Don’t go corporate on cannabis
Big Island medical cannabis patients have mostly lost hope. Our Legislature has bought totally into the corporatization of dispensaries. No matter how hard advocates and patients tried to move them in the right direction, representatives passed dispensary legislation that actually does great harm to most patients. Cases in point:
1. We told them that we needed at least 26 conveniently located dispensaries; they gave us eight monopoly licenses statewide with licenses costing $75,000 (A rich person’s game).
2. We told them that producers (growers) and dispensaries should be separate operations allowing small producers a share of the market; they gave us another monopoly where both the production and dispensing are controlled by the same rich owner.
3. We told them to allow cooperatives (huis) where patients could procure medicine inexpensively; not even a hearing given this year.
4. We told them that caregivers should remain in the program allowing poor and fixed income patients to obtain very low cost medicine; they’re phasing out our caregivers.
How could they get it so wrong? Answer: Follow the money. Is it any wonder patients and advocates are fed up? And, when one of our staunchest legislative supporters says, “We need to go kind of slow right now,” we know we have little support in Honolulu.

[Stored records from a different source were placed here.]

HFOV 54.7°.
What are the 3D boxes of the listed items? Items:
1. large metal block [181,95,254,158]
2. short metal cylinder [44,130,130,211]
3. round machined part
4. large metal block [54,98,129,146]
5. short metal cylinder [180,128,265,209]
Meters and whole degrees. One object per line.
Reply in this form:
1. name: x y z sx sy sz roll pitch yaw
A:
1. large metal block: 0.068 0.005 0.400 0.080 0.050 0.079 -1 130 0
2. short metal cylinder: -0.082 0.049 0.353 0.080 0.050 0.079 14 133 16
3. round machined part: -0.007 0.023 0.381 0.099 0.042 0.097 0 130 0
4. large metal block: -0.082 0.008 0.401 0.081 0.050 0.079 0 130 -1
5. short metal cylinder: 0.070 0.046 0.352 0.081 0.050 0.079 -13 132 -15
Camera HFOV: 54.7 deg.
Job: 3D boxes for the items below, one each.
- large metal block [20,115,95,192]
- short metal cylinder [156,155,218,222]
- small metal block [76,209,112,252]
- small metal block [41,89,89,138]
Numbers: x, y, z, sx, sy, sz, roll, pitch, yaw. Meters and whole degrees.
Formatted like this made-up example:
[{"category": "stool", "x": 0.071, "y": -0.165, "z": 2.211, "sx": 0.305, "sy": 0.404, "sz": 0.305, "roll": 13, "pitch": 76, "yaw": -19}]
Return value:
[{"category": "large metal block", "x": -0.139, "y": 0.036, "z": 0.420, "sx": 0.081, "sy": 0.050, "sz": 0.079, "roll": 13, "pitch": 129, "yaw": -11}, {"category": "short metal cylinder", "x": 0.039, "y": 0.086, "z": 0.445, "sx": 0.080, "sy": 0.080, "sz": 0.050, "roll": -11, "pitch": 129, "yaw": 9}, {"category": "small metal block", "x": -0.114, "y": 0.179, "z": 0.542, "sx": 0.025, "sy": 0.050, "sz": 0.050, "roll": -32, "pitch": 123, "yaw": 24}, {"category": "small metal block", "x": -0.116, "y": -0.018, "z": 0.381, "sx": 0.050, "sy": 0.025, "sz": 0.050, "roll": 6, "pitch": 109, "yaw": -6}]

Patients know what slow is as we’ve been waiting (and suffering) for 17 years. What will happen now: Statewide patient numbers will mushroom and the demand for cannabis will soar. Once dispensaries open (maybe this year) the medicine will be prohibitively priced, highly taxed and out of reach for all but for the wealthiest of patients.
Although tourists will have no problem buying it all up thus assuring the dispensary owners their huge profit. Those factors will drive most of us back into the black market. It is ironic that the Legislature’s stated intention in creating dispensaries was to stop the black market. In reality it will actually lend fuel to a burgeoning illegal market in the coming years. An unintended consequence? Or maybe not.

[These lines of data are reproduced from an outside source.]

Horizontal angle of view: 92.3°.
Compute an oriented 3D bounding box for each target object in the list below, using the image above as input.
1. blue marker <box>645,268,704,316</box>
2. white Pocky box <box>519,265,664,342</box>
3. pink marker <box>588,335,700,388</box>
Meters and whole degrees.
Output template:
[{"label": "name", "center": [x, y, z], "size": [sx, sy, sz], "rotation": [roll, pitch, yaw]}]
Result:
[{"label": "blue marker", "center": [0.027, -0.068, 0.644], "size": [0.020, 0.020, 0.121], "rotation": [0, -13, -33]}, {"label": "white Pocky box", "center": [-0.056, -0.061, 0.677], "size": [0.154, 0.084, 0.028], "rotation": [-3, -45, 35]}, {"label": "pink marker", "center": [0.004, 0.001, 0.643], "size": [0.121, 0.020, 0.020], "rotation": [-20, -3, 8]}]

It is not wrong to have dispensaries. However, when the main priority becomes maximizing revenue for government coffers and a few dispensary owners, the patients lose out. By smelling the money rather than demonstrating compassion for the sick and dying, our legislators have thrown the baby out with the bong water. It could have had a far better outcome if they had just listened to the medical cannabis community from the beginning.
Andrea Tischler, chairwoman, Big Island Americans for Safe Access, is a resident of Hilo.